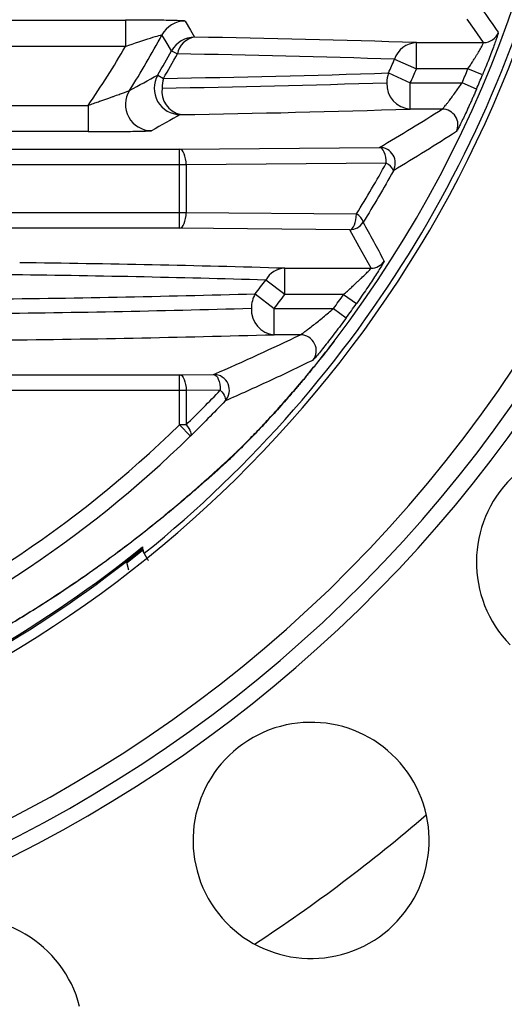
# Paper-space layout '_Superior' of a CAD drawing. Header units: millimetres. Extents: x -40 to 40, y -40 to 40.
# Tile 4 of 13: x 11.9 to 21.1, y -26.3 to -7.5. Entities that reach past the tile are written whole.
import ezdxf

# ---------------------------------------------------------------- set-up
doc = ezdxf.new("R2010")
doc.units = ezdxf.units.MM

psp = doc.layouts.new('_Superior')

# ---------------------------------------------------------------- linework, layer by layer
at = {"color": 7, "linetype": 'Continuous', "lineweight": 25}
for p, q in [((-13.905, -7.538), (13.905, -7.538)), ((13.905, -7.538), (13.905, -8.038)), ((13.905, -8.038), (-13.905, -8.038)), ((19.452, -7.966), (20.732, -7.966)), ((19.452, -8.466), (19.452, -7.966)), ((14.784, -8.121), (14.894, -8.182)), ((19.033, -8.284), (19.452, -8.466)), ((14.52, -8.584), (14.628, -8.648)), ((18.917, -8.545), (19.334, -8.734)), ((20.433, -8.466), (19.452, -8.466)), ((20.71, -8.581), (20.433, -8.466)), ((19.334, -9.234), (19.334, -8.734)), ((19.334, -8.734), (20.321, -8.734)), ((20.596, -8.852), (20.321, -8.734)), ((-13.192, -9.162), (13.192, -9.162)), ((13.192, -9.162), (13.192, -9.662)), ((19.943, -9.234), (19.334, -9.234)), ((13.192, -9.662), (-13.192, -9.662)), ((-14.933, -9.995), (14.933, -9.995)), ((14.933, -9.995), (18.748, -9.964)), ((14.933, -11.505), (14.933, -9.995)), ((15.06, -10.295), (-15.06, -10.295)), ((18.875, -10.264), (15.06, -10.295)), ((15.06, -10.295), (15.06, -11.205)), ((-15.06, -11.205), (15.06, -11.205)), ((15.06, -11.205), (18.306, -11.232)), ((14.933, -11.505), (-14.933, -11.505)), ((18.18, -11.532), (14.933, -11.505)), ((16.944, -12.266), (18.585, -12.266)), ((16.944, -12.766), (16.944, -12.266)), ((16.944, -12.766), (16.579, -12.491)), ((16.378, -12.753), (16.739, -13.034)), ((18.062, -12.766), (16.944, -12.766)), ((18.062, -12.766), (18.307, -12.939)), ((16.739, -13.534), (16.739, -13.034)), ((16.739, -13.034), (17.87, -13.034)), ((17.87, -13.034), (18.112, -13.21)), ((17.24, -13.534), (16.739, -13.534)), ((17.883, -13.655), (17.664, -13.937)), ((4.387, -14.295), (14.933, -14.295)), ((14.933, -14.295), (15.585, -14.29)), ((14.933, -15.248), (14.933, -14.295)), ((15.06, -14.595), (4.387, -14.595)), ((15.712, -14.59), (15.06, -14.595)), ((15.06, -14.595), (15.06, -15.248)), ((15.06, -15.248), (14.933, -15.248)), ((15.143, -15.463), (14.933, -15.248)), ((14.222, -17.62), (14.229, -17.631)), ((14.229, -17.645), (13.937, -17.877)), ((14.229, -17.645), (14.313, -17.79)), ((13.967, -18.019), (13.921, -17.845))]:
    psp.add_line(p, q, dxfattribs=at)
at = {"color": 7, "linetype": 'Continuous', "lineweight": 25, "flags": 128}
for points in [[(15.039, -7.555), (15.142, -7.727), (15.222, -7.862)], [(20.732, -7.966), (20.558, -7.717), (20.42, -7.521)], [(14.784, -8.121), (14.68, -7.952), (14.599, -7.819)], [(15.06, -10.295), (15.058, -10.237), (15.05, -10.181), (15.038, -10.13), (15.022, -10.084), (15.003, -10.047), (14.982, -10.019), (14.958, -10.001), (14.933, -9.995)], [(18.875, -10.264), (18.872, -10.206), (18.865, -10.15), (18.853, -10.099), (18.837, -10.053), (18.818, -10.016), (18.796, -9.988), (18.773, -9.97), (18.748, -9.964)], [(14.933, -11.505), (14.958, -11.499), (14.982, -11.481), (15.003, -11.453), (15.022, -11.416), (15.038, -11.37), (15.05, -11.319), (15.058, -11.263), (15.06, -11.205)], [(18.18, -11.532), (18.204, -11.525), (18.228, -11.507), (18.249, -11.479), (18.269, -11.442), (18.284, -11.397), (18.296, -11.345), (18.304, -11.29), (18.306, -11.232)], [(18.585, -12.266), (18.359, -11.855), (18.18, -11.532)], [(14.933, -14.295), (14.958, -14.301), (14.982, -14.319), (15.003, -14.347), (15.022, -14.384), (15.038, -14.43), (15.05, -14.481), (15.058, -14.537), (15.06, -14.595)], [(15.585, -14.29), (15.61, -14.296), (15.633, -14.314), (15.655, -14.342), (15.674, -14.379), (15.69, -14.424), (15.702, -14.476), (15.709, -14.532), (15.712, -14.59)], [(15.712, -14.59), (15.739, -14.623), (15.763, -14.656), (15.783, -14.687), (15.797, -14.715), (15.807, -14.741), (15.812, -14.763), (15.81, -14.781), (15.804, -14.794)], [(15.06, -15.248), (15.087, -15.284), (15.109, -15.318), (15.128, -15.35), (15.141, -15.381), (15.15, -15.408), (15.153, -15.43), (15.151, -15.449), (15.143, -15.463)], [(14.222, -17.62), (14.218, -17.62), (14.215, -17.621)], [(14.23, -17.575), (14.226, -17.6), (14.222, -17.62)], [(14.229, -17.645), (14.229, -17.637), (14.229, -17.631)], [(14.261, -17.698), (14.244, -17.629), (14.23, -17.575)]]:
    psp.add_lwpolyline(points, dxfattribs=at)
at = {"color": 7, "linetype": 'Continuous', "lineweight": 25}
for centre, radius, start, end in [((0, 0), 40, 269.4727, 89.4727), ((0, 0), 39.7, 269.4727, 89.4727), ((0, 0), 22.833, 269.4727, 90), ((0, 0), 22.5, 322.6362, 37.3638), ((0, 0), 25.583, 189.1472, 350.7127), ((0, 0), 22.729, 308.8622, 348.5807), ((0, 0), 25.953, 191.5776, 348.5154), ((0, 0), 26.253, 192.9264, 346.9377), ((-43.578, -52.145), 78.366, 34.48923, 34.88859), ((15.04, -8.055), 0.5, 90.0112, 151.8147), ((0, 0), 16.561, 327.5881, 331.8259), ((15.222, -8.362), 0.5, 90.011, 151.2078), ((15.276, -8.246), 0.388, 98.0977, 170.4266), ((11.604, -239.786), 231.952, 88.06099, 89.1063), ((20.732, -7.666), 0.3, 270.0133, 339.693), ((0, 0), 16.061, 325.2192, 329.9684), ((19.47, -8.426), 0.46, 92.234, 162.0353), ((0, 0), 16.867, 329.4093, 331.2188), ((0, 0), 16.993, 329.4093, 331.2188), ((11.354, -235.107), 226.953, 88.06099, 89.1063), ((0, 0), 20.758, 335.6898, 336.4795), ((14.951, -8.838), 0.5, 149.4527, 269.9566), ((10.956, 235.17), 243.845, 270.86287, 271.87095), ((19.434, -8.729), 0.548, 160.42, 180.0671), ((0, 0), 21.215, 335.6898, 336.4795), ((0, 0), 22.118, 336.7423, 337.4938), ((0, 0), 22.418, 336.7423, 337.4938), ((15.296, -8.83), 0.692, 164.7087, 180.1299), ((10.937, 234.577), 243.437, 270.86287, 271.87095), ((19.366, -8.754), 0.481, 177.1671, 266.1718), ((14.403, -9.144), 0.5, 147.6338, 269.9542), ((15.053, -8.896), 0.454, 171.9306, 256.8856), ((11.197, 239.85), 249.216, 270.86287, 271.87095), ((19.942, -9.534), 0.3, 334.4876, 89.9624), ((18.748, -10.264), 0.3, 331.3427, 89.9589), ((18.782, -10.489), 0.243, 19.3844, 67.4628), ((18.205, -11.446), 0.237, 13.7627, 64.5571), ((18.18, -11.232), 0.3, 270.0103, 328.2814), ((-63.084, -56.209), 93.028, 28.28391, 28.80245), ((8.44, -301.086), 288.945, 88.31353, 89.31645), ((18.585, -11.966), 0.3, 270.0101, 327.2132), ((16.959, -12.7), 0.434, 91.9845, 151.2464), ((8.258, -295.086), 282.717, 88.31353, 89.31645), ((0, 0), 20.758, 322.0942, 323.0035), ((7.623, 302.188), 315.063, 270.63484, 271.59246), ((16.857, -13.027), 0.552, 150.2257, 180.2784), ((0, 0), 21.215, 322.0942, 323.0035), ((0, 0), 22.118, 323.8941, 324.7465), ((0, 0), 22.418, 323.8941, 324.7465), ((7.589, 300.512), 313.662, 270.63484, 271.59246), ((16.78, -13.06), 0.476, 176.3577, 265.0177), ((7.79, 308.345), 322.002, 270.63484, 271.59246), ((17.24, -13.834), 0.3, 321.3126, 89.9441), ((15.585, -14.59), 0.3, 316.9547, 89.9349), ((0, 0), 21.343, 291.8987, 314.4024), ((0, 0), 21.643, 291.8987, 314.4024), ((22.844, -17.865), 2.25, 44.4727, 224.4727), ((0, 0), 22.614, 291.0043, 308.9957), ((0, 0), 22.64, 291.1066, 308.8934), ((17.442, -23.169), 2.25, 29.4727, 209.4727), ((17.442, -23.169), 2.25, 209.4727, 29.4727), ((0, 0), 30, 303.0567, 310.8887), ((10.851, -26.894), 2.25, 14.4727, 194.4727)]:
    psp.add_arc(centre, radius, start, end, dxfattribs=at)
for points, knots in [([(15.039, -7.555), (15.038, -7.553), (15.003, -7.551), (14.875, -7.546), (14.785, -7.544), (14.568, -7.541), (14.446, -7.54), (14.181, -7.539), (14.045, -7.538), (13.905, -7.538)], [0, 0, 0, 0, 0.25, 0.25, 0.5, 0.5, 0.75, 0.75, 1, 1, 1, 1]), ([(13.905, -8.038), (14.079, -7.978), (14.249, -7.922), (14.513, -7.839), (14.598, -7.816), (14.599, -7.819)], [0, 0, 0, 0, 0.5, 0.5, 1, 1, 1, 1]), ([(21.013, -7.771), (21.013, -7.772), (21.014, -7.774), (21.01, -7.788), (21.003, -7.81), (20.99, -7.85), (20.967, -7.917), (20.93, -8.022), (20.883, -8.146), (20.83, -8.284), (20.772, -8.431), (20.731, -8.531), (20.71, -8.581)], [0, 0, 0, 0, 0.062727, 0.124839, 0.187084, 0.250205, 0.37409, 0.499838, 0.623691, 0.749552, 0.874174, 1, 1, 1, 1]), ([(20.433, -8.466), (20.449, -8.443), (20.479, -8.397), (20.521, -8.331), (20.558, -8.271), (20.591, -8.218), (20.619, -8.172), (20.657, -8.109), (20.696, -8.039), (20.728, -7.979), (20.731, -7.971), (20.732, -7.966)], [0, 0, 0, 0, 0.100741, 0.194527, 0.281401, 0.361418, 0.434647, 0.50118, 0.677018, 0.842131, 1, 1, 1, 1]), ([(19.943, -9.234), (19.944, -9.232), (19.947, -9.23), (19.961, -9.216), (19.98, -9.193), (20.007, -9.16), (20.04, -9.118), (20.081, -9.064), (20.134, -8.995), (20.194, -8.913), (20.258, -8.823), (20.3, -8.764), (20.321, -8.734)], [0, 0, 0, 0, 0.072894, 0.149219, 0.229624, 0.314661, 0.4048, 0.500435, 0.615357, 0.749964, 0.874623, 1, 1, 1, 1]), ([(13.192, -9.162), (13.226, -9.15), (13.292, -9.126), (13.387, -9.093), (13.473, -9.063), (13.549, -9.036), (13.616, -9.012), (13.695, -8.984), (13.781, -8.953), (13.866, -8.923), (13.929, -8.9), (13.97, -8.883), (13.977, -8.879), (13.981, -8.877)], [0, 0, 0, 0, 0.103334, 0.198723, 0.286126, 0.365516, 0.436886, 0.500254, 0.622099, 0.731252, 0.829115, 0.917748, 1, 1, 1, 1]), ([(20.596, -8.852), (20.585, -8.878), (20.563, -8.928), (20.53, -9.003), (20.498, -9.077), (20.454, -9.172), (20.402, -9.286), (20.344, -9.41), (20.292, -9.515), (20.252, -9.595), (20.222, -9.65), (20.216, -9.659), (20.213, -9.663)], [0, 0, 0, 0, 0.063131, 0.125614, 0.187899, 0.250438, 0.375843, 0.500045, 0.626287, 0.749751, 0.875728, 1, 1, 1, 1]), ([(13.192, -9.662), (13.336, -9.662), (13.477, -9.661), (13.753, -9.66), (13.884, -9.659), (14.114, -9.656), (14.214, -9.654), (14.356, -9.65), (14.398, -9.647), (14.403, -9.645)], [0, 0, 0, 0, 0.25, 0.25, 0.5, 0.5, 0.75, 0.75, 1, 1, 1, 1]), ([(18.837, -12.129), (18.837, -12.13), (18.836, -12.133), (18.828, -12.149), (18.814, -12.173), (18.788, -12.217), (18.743, -12.289), (18.673, -12.398), (18.592, -12.524), (18.502, -12.658), (18.406, -12.798), (18.34, -12.892), (18.307, -12.939)], [0, 0, 0, 0, 0.062315, 0.124118, 0.186435, 0.250264, 0.372868, 0.500248, 0.623295, 0.750554, 0.874195, 1, 1, 1, 1]), ([(18.062, -12.766), (18.087, -12.744), (18.134, -12.702), (18.202, -12.64), (18.262, -12.584), (18.316, -12.534), (18.362, -12.491), (18.42, -12.436), (18.484, -12.373), (18.542, -12.314), (18.579, -12.275), (18.583, -12.269), (18.585, -12.266)], [0, 0, 0, 0, 0.103781, 0.199331, 0.286685, 0.365891, 0.437012, 0.500134, 0.644277, 0.773291, 0.890429, 1, 1, 1, 1]), ([(17.24, -13.534), (17.242, -13.533), (17.245, -13.531), (17.257, -13.524), (17.274, -13.511), (17.297, -13.495), (17.335, -13.466), (17.398, -13.418), (17.514, -13.328), (17.643, -13.224), (17.772, -13.116), (17.837, -13.061), (17.87, -13.034)], [0, 0, 0, 0, 0.0461, 0.093743, 0.143526, 0.195972, 0.251529, 0.366532, 0.501421, 0.750401, 0.87458, 1, 1, 1, 1]), ([(18.112, -13.21), (18.042, -13.307), (17.972, -13.401), (17.833, -13.582), (17.766, -13.668), (17.645, -13.821), (17.589, -13.889), (17.506, -13.989), (17.479, -14.019), (17.474, -14.021)], [0, 0, 0, 0, 0.25, 0.25, 0.5, 0.5, 0.75, 0.75, 1, 1, 1, 1]), ([(15.981, -15.805), (15.991, -15.795), (16.012, -15.775), (16.05, -15.739), (16.091, -15.699), (16.151, -15.641), (16.233, -15.558), (16.376, -15.413), (16.576, -15.204), (16.829, -14.928), (17.095, -14.627), (17.358, -14.316), (17.624, -13.99), (17.796, -13.768), (17.883, -13.655)], [0, 0, 0, 0, 0.0306696, 0.0616601, 0.0930946, 0.125091, 0.1867924, 0.2505782, 0.3715674, 0.5004856, 0.6218245, 0.7493683, 0.8725068, 1, 1, 1, 1]), ([(17.664, -13.937), (17.619, -13.993), (17.532, -14.103), (17.4, -14.265), (17.269, -14.423), (17.091, -14.633), (16.869, -14.887), (16.601, -15.182), (16.345, -15.452), (16.145, -15.655), (16.003, -15.794), (15.905, -15.889), (15.819, -15.97), (15.776, -16.01), (15.754, -16.03)], [0, 0, 0, 0, 0.06378, 0.126403, 0.187986, 0.248649, 0.376359, 0.497995, 0.627154, 0.748589, 0.812129, 0.873719, 0.937697, 1, 1, 1, 1]), ([(17.474, -14.021), (17.336, -14.088), (17.063, -14.22), (16.645, -14.416), (16.228, -14.607), (15.944, -14.732), (15.804, -14.794)], [0, 0, 0, 0, 0.259191, 0.512255, 0.759191, 1, 1, 1, 1]), ([(8.199, -20.749), (8.313, -20.705), (8.542, -20.615), (8.879, -20.476), (9.211, -20.333), (9.538, -20.186), (9.86, -20.035), (10.177, -19.881), (10.488, -19.723), (11.095, -19.404), (11.956, -18.909), (12.997, -18.232), (13.923, -17.56), (14.578, -17.038), (15.019, -16.667), (15.298, -16.426), (15.55, -16.201), (15.779, -15.992), (15.914, -15.867), (15.981, -15.805)], [0, 0, 0, 0, 0.0309034, 0.0618746, 0.0929258, 0.1240691, 0.1553163, 0.1866795, 0.2181702, 0.2498, 0.3750101, 0.4998909, 0.6261684, 0.7493118, 0.8012743, 0.8522447, 0.9023004, 0.9515233, 1, 1, 1, 1]), ([(15.754, -16.03), (15.719, -16.061), (15.65, -16.124), (15.537, -16.225), (15.418, -16.33), (15.291, -16.441), (15.157, -16.558), (15.015, -16.679), (14.865, -16.805), (14.708, -16.936), (14.361, -17.219), (13.771, -17.68), (12.863, -18.326), (11.842, -18.98), (10.941, -19.491), (10.22, -19.862), (9.723, -20.103), (9.211, -20.335), (8.687, -20.559), (8.326, -20.7), (8.145, -20.771)], [0, 0, 0, 0, 0.026697, 0.053597, 0.080716, 0.108068, 0.13567, 0.163534, 0.191676, 0.220108, 0.248844, 0.372428, 0.499247, 0.624071, 0.749402, 0.800055, 0.850392, 0.900461, 0.950313, 1, 1, 1, 1]), ([(14.34, -17.837), (14.328, -17.816), (14.299, -17.766), (14.276, -17.724), (14.263, -17.702), (14.262, -17.699), (14.261, -17.698)], [0, 0, 0, 0, 0.258879, 0.627601, 0.813808, 1, 1, 1, 1])]:
    psp.add_open_spline(points, degree=3, knots=knots, dxfattribs=at)
for points in [[(13.981, -8.877), (14.164, -8.779), (14.343, -8.682), (14.52, -8.584)], [(14.95, -9.338), (14.771, -9.44), (14.589, -9.542), (14.403, -9.645)], [(18.748, -9.964), (19.159, -9.72), (19.556, -9.477), (19.943, -9.234)], [(20.213, -9.663), (19.825, -9.911), (19.425, -10.159), (19.011, -10.408)], [(18.306, -11.232), (18.504, -10.914), (18.694, -10.591), (18.875, -10.264)], [(19.011, -10.408), (18.828, -10.741), (18.635, -11.068), (18.435, -11.389)], [(15.585, -14.29), (16.166, -14.038), (16.715, -13.786), (17.24, -13.534)], [(15.06, -15.248), (15.282, -15.033), (15.499, -14.814), (15.712, -14.59)], [(15.804, -14.794), (15.588, -15.022), (15.368, -15.245), (15.143, -15.463)]]:
    psp.add_open_spline(points, degree=3, dxfattribs=at)

doc.saveas('drawing.dxf')

ASSIGNMENT> Nothing but a number should be given: the count of lines in the entries that contain the word "dxfattribs".

ANSWER SECTION> 5